Background

Meristems are groups of pluripotent stem cells, typically located at the tips of shoots (Steeves and Sussex, 1989). Many fundamental features of meristems are shared across all vascular plants, e.g., the maintenance of a pool of undifferentiated cells, regulated cell proliferation and expansion, and control of post-embryonic organogenesis. However, there remains a great deal of unexplored variation in meristem structure and behavior across land plants. Exploring this diversity is hampered by the reliance on common developmental techniques, such as fixed tissue sectioning and imaging, that do not allow processes such as spatial and temporal patterns of cell division and expansion to be directly observed.

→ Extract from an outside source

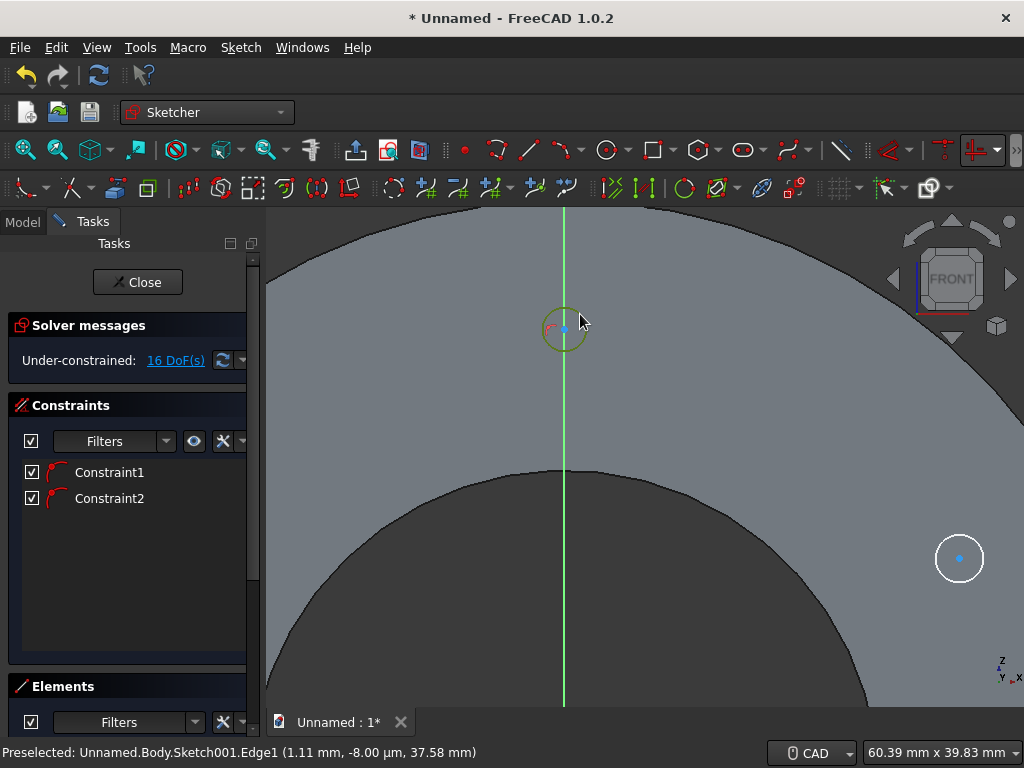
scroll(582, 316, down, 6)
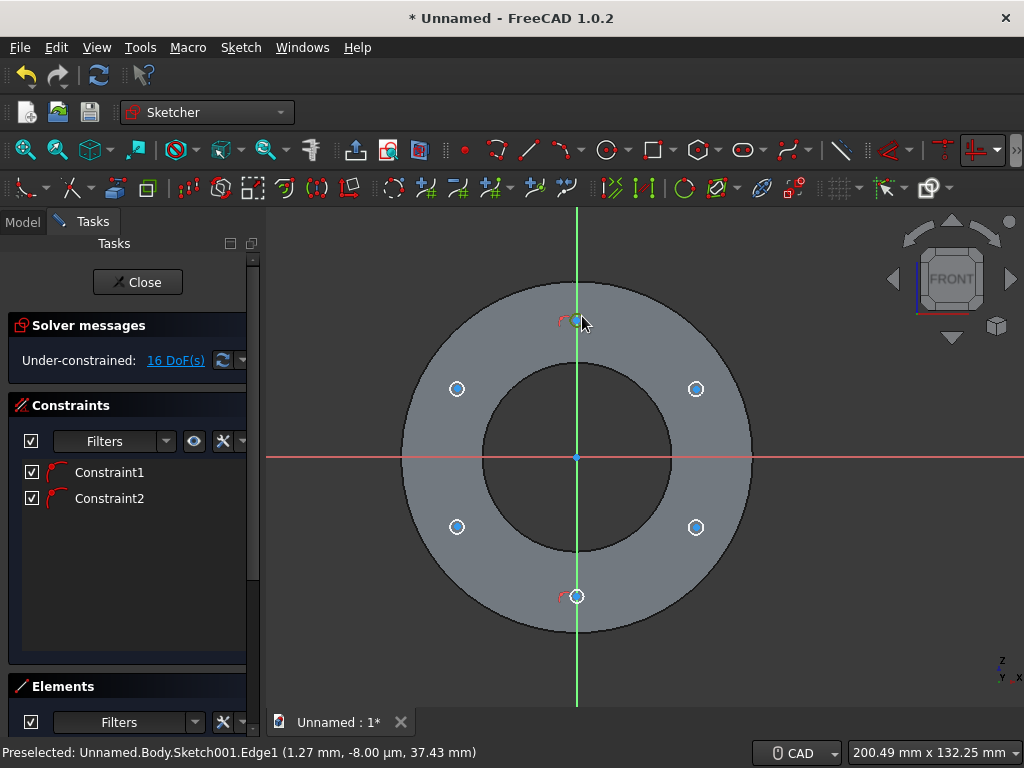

In model systems such as Arabidopsis thaliana, genetic and molecular tools have been coupled with advancements in live imaging techniques to allow analyses of both cell behaviors and gene expression in real time. These tools have provided considerable progress in our understanding of meristem development (e.g., Prunet et al., 2016; Geng and Zhou, 2019; Shi et al., 2020; Caggiano et al., 2021; Silveira et al., 2022). However, these advancements are currently limited to a small number of model species, and there is a pressing need to develop quantitative live imaging techniques in non-model systems, and specifically, approaches that may be broadly practical across a range of plant taxa. Here, we present a detailed protocol for live imaging and analysis of floral meristems in Aquilegia coerulea, a member of the buttercup family (Ranunculaceae). This protocol provides a powerful tool to study the development of the meristem and initiation of floral organs, and should be easily adaptable to many plant lineages, including other emerging model systems. This protocol will allow researchers to explore questions outside the scope of common model systems.